IMF Data Brief: Currency Composition of Official Foreign Exchange Reserves

World Official Foreign Currency Reserves Largely Unchanged in the First Quarter of 2026 

IMF Currency Composition of Official Foreign Exchange Reserves, World Aggregates, First Quarter of 2026

Contributors: Abdulrahman Gweder, Erin Nephew, and Hannah Wei

Total foreign exchange reserves decreased to $13.10 trillion in 2026Q1, down slightly from $13.15 trillion in 2025Q4.

The share of US dollar holdings in foreign exchange reserves increased to 57.13 percent in 2026Q1, from 56.42 percent in 2025Q4. In 2025, gold surpassed US Treasuries as a share of official reserves, but that development was driven almost entirely by gold price valuation effects and is not reflected in COFER’s dollar share, which has remained broadly stable. The U.S. dollar’s mild appreciation against major currencies was a key driver of the COFER dollar share this quarter, with exchange-rate-driven valuation effects accounting for around half of the increase in its share.

The euro’s share declined to 20.03 percent in 2026Q1, from 20.38 percent in 2025Q4, while the renminbi’s share edged up to 1.99 percent from 1.95 percent. For both currencies, modest exchange rate valuation effects were the dominant driver of their changes.

Among other major currencies, the Japanese yen recorded the largest decline, falling from 5.84 percent in 2025Q4 to 5.44 percent, or 0.4 percentage points, in 2026Q1. The shares of pound sterling and Canadian dollar also edged down slightly in 2026Q1 relative to 2025Q4, by 0.01 and 0.02 percentage points, respectively.
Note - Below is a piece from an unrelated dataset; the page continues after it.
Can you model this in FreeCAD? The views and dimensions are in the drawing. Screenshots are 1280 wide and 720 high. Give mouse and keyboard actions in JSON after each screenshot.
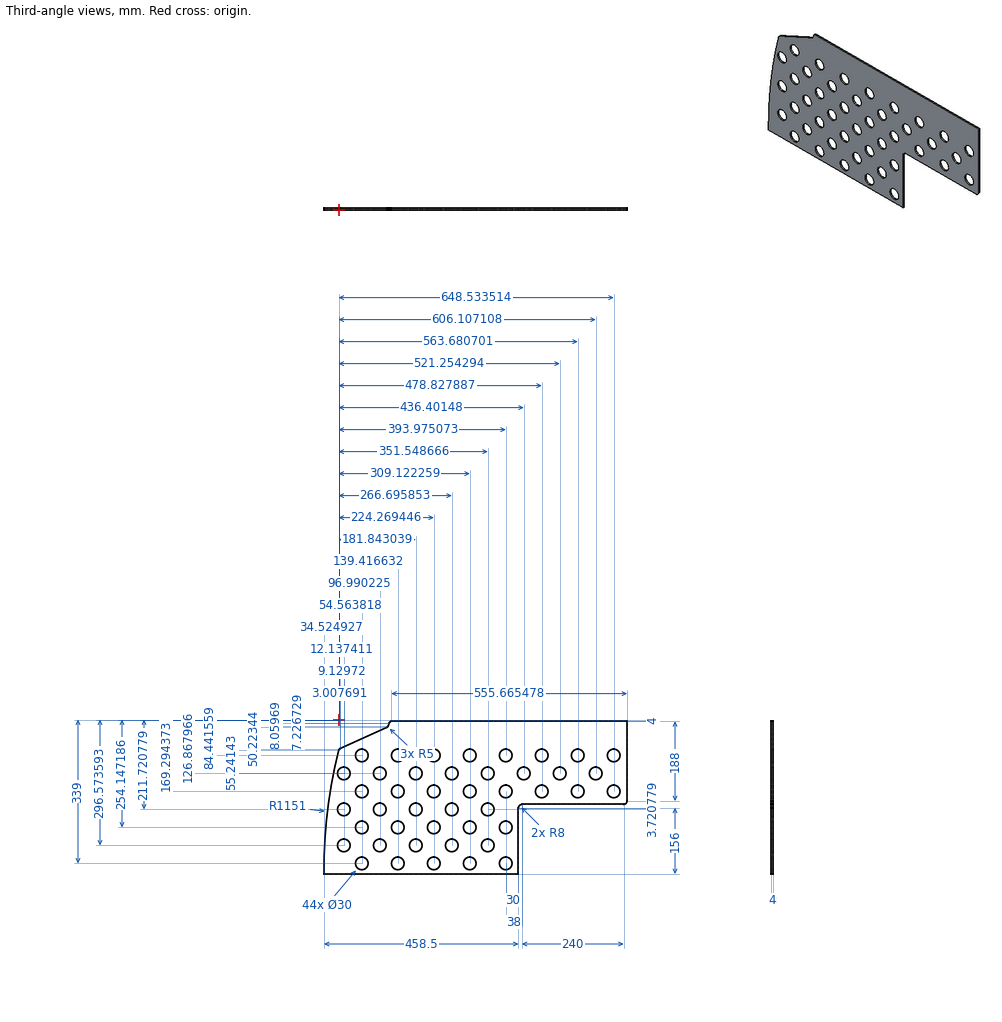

By contrast, the shares of the Australian dollar and Swiss franc increased modestly by 0.09 and 0.02 percentage points, respectively.

In contrast to the euro and renminbi, exchange rate valuation effects were less central for the Japanese yen and Swiss franc, where other factors appear to have played a larger role. Quarter to quarter movements in reserve currency shares can be influenced by a combination of factors other than exchange rate changes, including active management (the buying and selling of reserve assets) and valuation effects due to other price changes (changes in interest rates that affect the market value of government bonds). This quarter, the Japanese yen and Swiss franc had outsized movements in benchmark bond yields, relative to other reserve currencies. These movements in bond yields can both reflect active buying and selling in the markets for bonds denominated in those currencies and result in price-change-driven valuation effects on reserve managers’ holdings of those bonds.

Meanwhile, the residual “other currencies” category—covering currencies not separately identified in COFER—remained above 6 percent, despite declining to 6.18 percent in 2026Q1 from 6.25 percent in 2025Q4, marking the first decrease after seven consecutive quarters starting in 2024Q1. 

Note: Per the usual procedures, COFER data for prior quarters have been revised based on updated reporting, including the correction of reporting errors involving the Swiss franc. The revisions have only marginal impact on total reserves.